Я с ужасом представляю, что будет, если два милиционера подберут на площади Трех вокзалов в Москве плешивого пьяного обормота, отведут его или в мотоциклетной коляске отвезут в городской протрезвитель на улице Героев Труда, помоют, побреют, приведут в божеский вид и вдруг узнают, что перед ними собственной беспутной персоной Великий Вакх!
Далека от меня славная древняя Греция. И в любую тихую минуту, в трудный час испытаний, в миг нежданно негаданной радости я обращаюсь за сочувствием и поддержкой к вам, родная моя сторона, родной мой народ!
Мой милый край!
На всю жизнь ты остался во мне раздумчивостью темных замшелых лесов, а ключевая синь твоих родников и озер светится в глазах моих земляков.
Родная моя земля!

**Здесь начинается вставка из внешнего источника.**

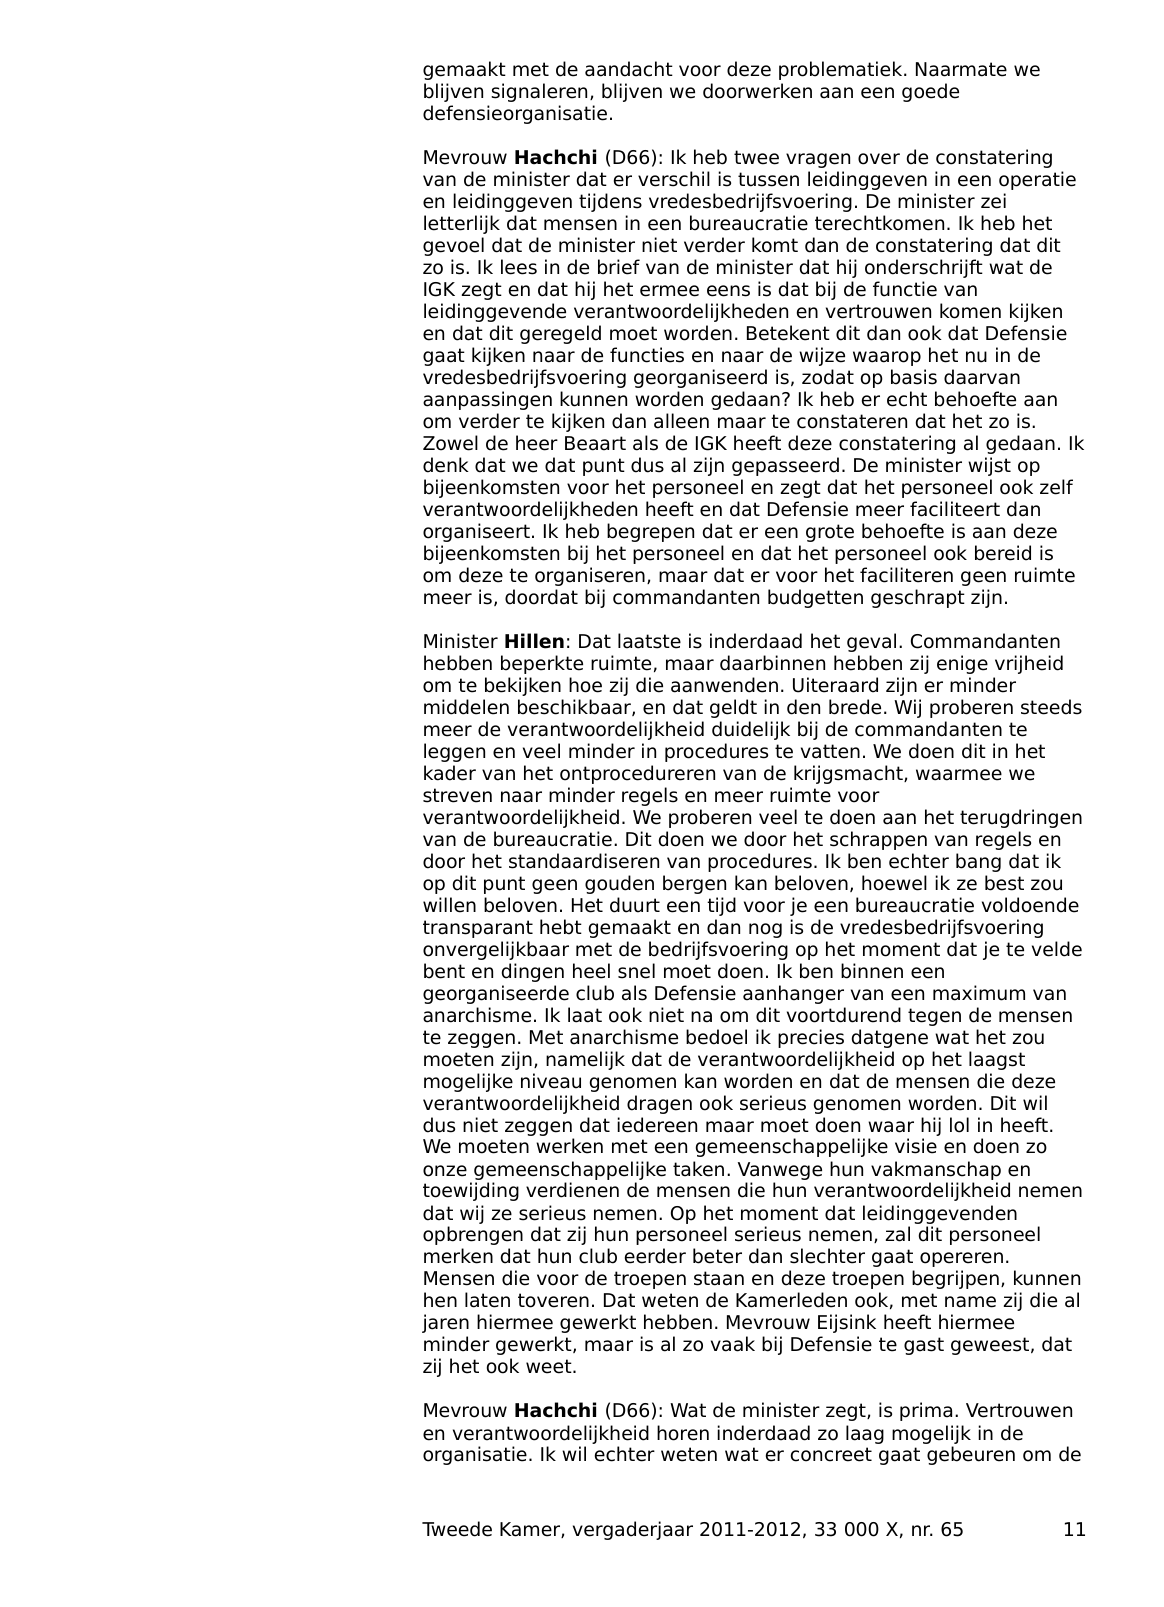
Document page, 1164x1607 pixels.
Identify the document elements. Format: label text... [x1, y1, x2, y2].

text Minister Hillen: Dat laatste is inderdaad het geval. Commandanten hebben beperkte ruimte, maar daarbinnen hebben zij enige vrijheid om te bekijken hoe zij die aanwenden. Uiteraard zijn er minder middelen beschikbaar, en dat geldt in den brede. Wij proberen steeds meer de verantwoordelijkheid duidelijk bij de commandanten te leggen en veel minder in procedures te vatten. We doen dit in het kader van het ontprocedureren van de krijgsmacht, waarmee we streven naar minder regels en meer ruimte voor verantwoordelijkheid. We proberen veel te doen aan het terugdringen van de bureaucratie. Dit doen we door het schrappen van regels en door het standaardiseren van procedures. Ik ben echter bang dat ik op dit punt geen gouden bergen kan beloven, hoewel ik ze best zou willen beloven. Het duurt een tijd voor je een bureaucratie voldoende transparant hebt gemaakt en dan nog is de vredesbedrijfsvoering onvergelijkbaar met de bedrijfsvoering op het moment dat je te velde bent en dingen heel snel moet doen. Ik ben binnen een georganiseerde club als Defensie aanhanger van een maximum van anarchisme. Ik laat ook niet na om dit voortdurend tegen de mensen te zeggen. Met anarchisme bedoel ik precies datgene wat het zou moeten zijn, namelijk dat de verantwoordelijkheid op het laagst mogelijke niveau genomen kan worden en dat de mensen die deze verantwoordelijkheid dragen ook serieus genomen worden. Dit wil dus niet zeggen dat iedereen maar moet doen waar hij lol in heeft. We moeten werken met een gemeenschappelijke visie en doen zo onze gemeenschappelijke taken. Vanwege hun vakmanschap en toewijding verdienen de mensen die hun verantwoordelijkheid nemen dat wij ze serieus nemen. Op het moment dat leidinggevenden opbrengen dat zij hun personeel serieus nemen, zal dit personeel merken dat hun club eerder beter dan slechter gaat opereren. Mensen die voor de troepen staan en deze troepen begrijpen, kunnen hen laten toveren. Dat weten de Kamerleden ook, met name zij die al jaren hiermee gewerkt hebben. Mevrouw Eijsink heeft hiermee minder gewerkt, maar is al zo vaak bij Defensie te gast geweest, dat zij het ook weet. [422, 631, 1087, 1378]
text Mevrouw Hachchi (D66): Wat de minister zegt, is prima. Vertrouwen en verantwoordelijkheid horen inderdaad zo laag mogelijk in de organisatie. Ik wil echter weten wat er concreet gaat gebeuren om de [422, 1400, 1087, 1466]
text gemaakt met de aandacht voor deze problematiek. Naarmate we blijven signaleren, blijven we doorwerken aan een goede defensieorganisatie. [422, 59, 1087, 125]
text Mevrouw Hachchi (D66): Ik heb twee vragen over de constatering van de minister dat er verschil is tussen leidinggeven in een operatie en leidinggeven tijdens vredesbedrijfsvoering. De minister zei letterlijk dat mensen in een bureaucratie terechtkomen. Ik heb het gevoel dat de minister niet verder komt dan de constatering dat dit zo is. Ik lees in de brief van de minister dat hij onderschrijft wat de IGK zegt en dat hij het ermee eens is dat bij de functie van leidinggevende verantwoordelijkheden en vertrouwen komen kijken en dat dit geregeld moet worden. Betekent dit dan ook dat Defensie gaat kijken naar de functies en naar de wijze waarop het nu in de vredesbedrijfsvoering georganiseerd is, zodat op basis daarvan aanpassingen kunnen worden gedaan? Ik heb er echt behoefte aan om verder te kijken dan alleen maar te constateren dat het zo is. Zowel de heer Beaart als de IGK heeft deze constatering al gedaan. Ik denk dat we dat punt dus al zijn gepasseerd. De minister wijst op bijeenkomsten voor het personeel en zegt dat het personeel ook zelf verantwoordelijkheden heeft en dat Defensie meer faciliteert dan organiseert. Ik heb begrepen dat er een grote behoefte is aan deze bijeenkomsten bij het personeel en dat het personeel ook bereid is om deze te organiseren, maar dat er voor het faciliteren geen ruimte meer is, doordat bij commandanten budgetten geschrapt zijn. [422, 147, 1087, 609]
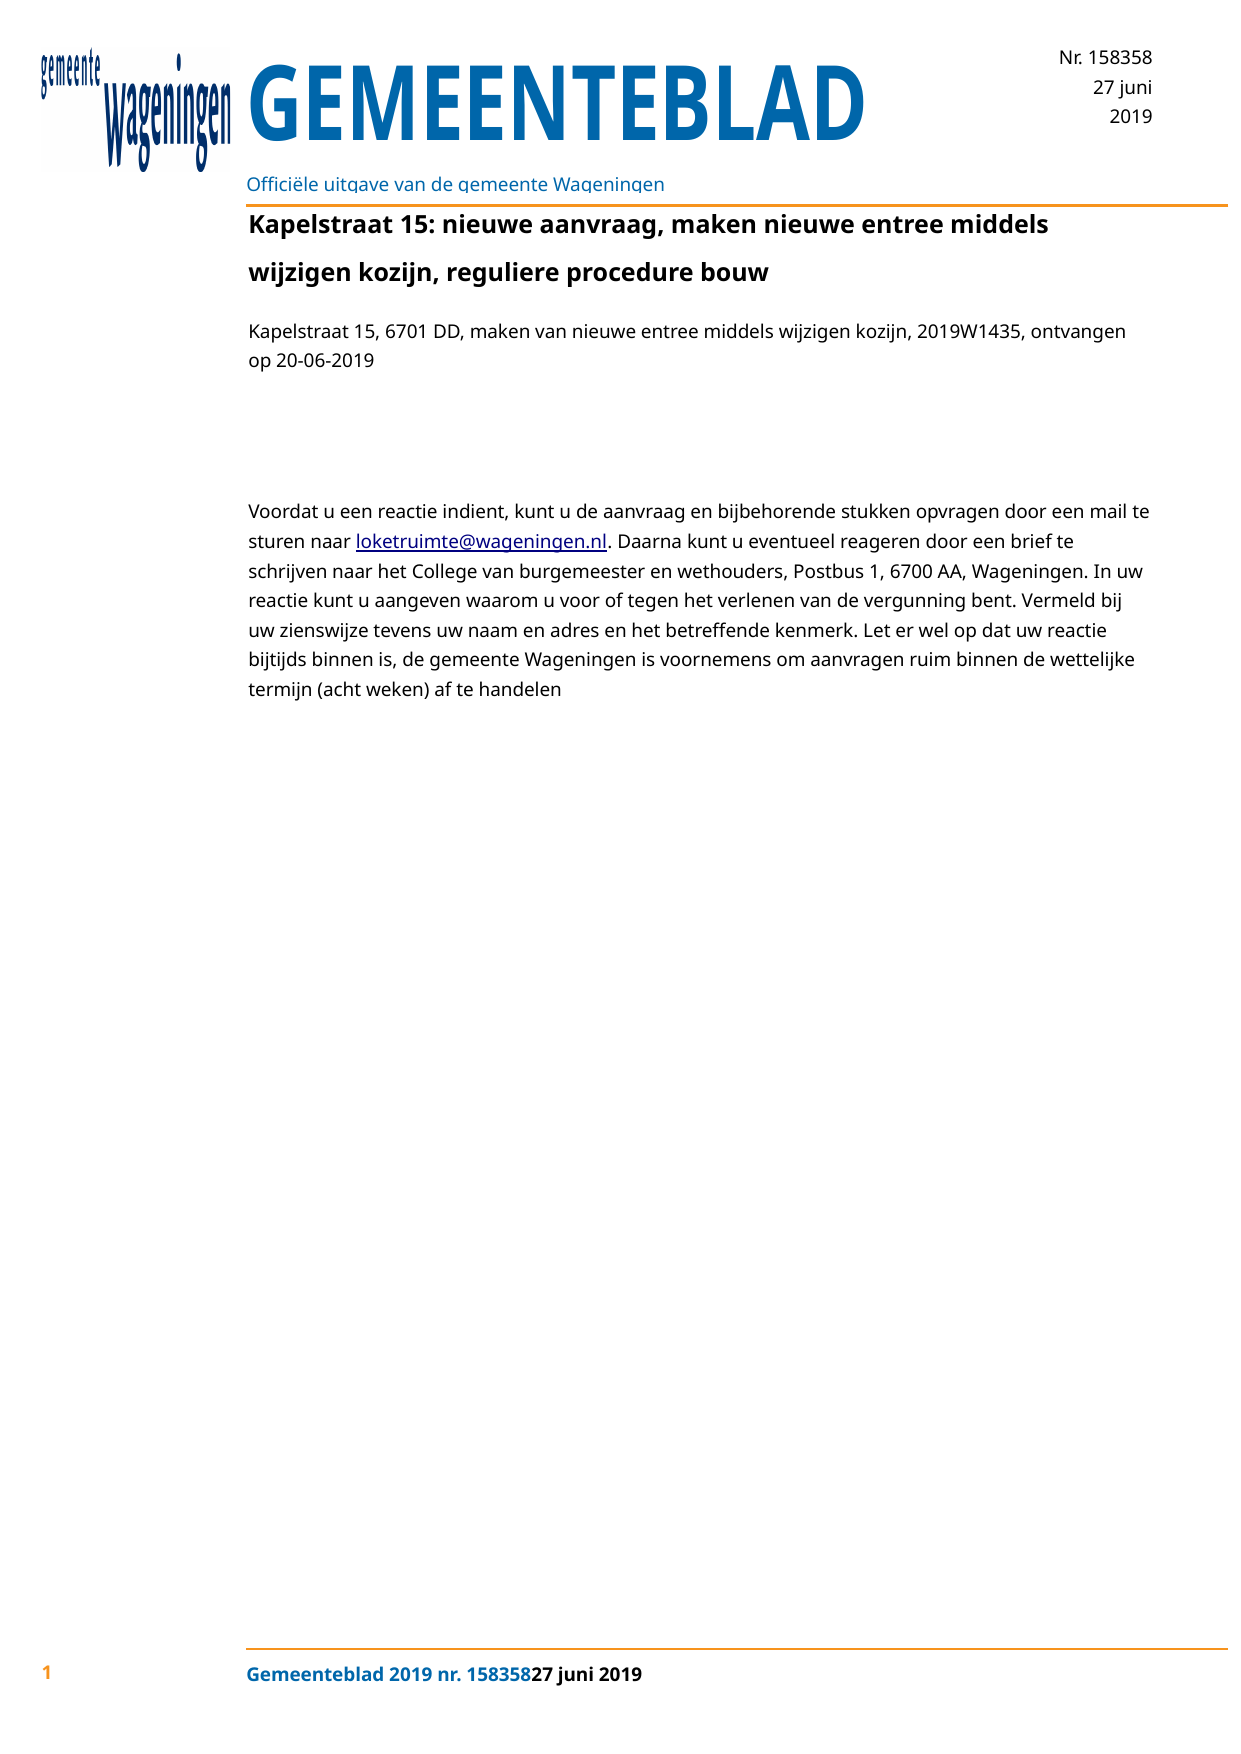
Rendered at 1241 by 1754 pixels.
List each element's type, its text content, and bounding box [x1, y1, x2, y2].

text Kapelstraat 15, 6701 DD, maken van nieuwe entree middels wijzigen kozijn, 2019W1435, ontvangen op 20-06-2019 [248, 318, 1152, 373]
picture [41, 47, 231, 172]
text Kapelstraat 15: nieuwe aanvraag, maken nieuwe entree middels wijzigen kozijn, reguliere procedure bouw [248, 207, 1152, 288]
text Voordat u een reactie indient, kunt u de aanvraag en bijbehorende stukken opvragen door een mail te sturen naar loketruimte@wageningen.nl. Daarna kunt u eventueel reageren door een brief te schrijven naar het College van burgemeester en wethouders, Postbus 1, 6700 AA, Wageningen. In uw reactie kunt u aangeven waarom u voor of tegen het verlenen van de vergunning bent. Vermeld bij uw zienswijze tevens uw naam en adres en het betreffende kenmerk. Let er wel op dat uw reactie bijtijds binnen is, de gemeente Wageningen is voornemens om aanvragen ruim binnen de wettelijke termijn (acht weken) af te handelen [248, 499, 1152, 702]

Милая моя деревня!
Когда жизнь становится неимоверно сложной, когда вдруг начинает казаться, что распутать узлы, завязанные жизнью, нет никакой возможности, я обращаюсь к тебе, к твоей мудрости, твоему вековому опыту.
Моя деревня!
Сто двадцать дворов — мир, отраженный в синей глади лесного озера. В нем жили философы всех направлений и школ — стоики, эпикурейцы, метафизики, диалектики, солипсисты. Вечерами на завалинках собирались местные футурологи и стратеги. Они без труда и натуги судили о том, что будет лет через сто. Пропьют страну ее вожди и учителя или не успеют. А если не успеют, то почему, и кто им сможет помешать в том. Они рядили, останется ли в будущем на карте страна Россия или до самого дальнего европейского берега возляжет страна Китай…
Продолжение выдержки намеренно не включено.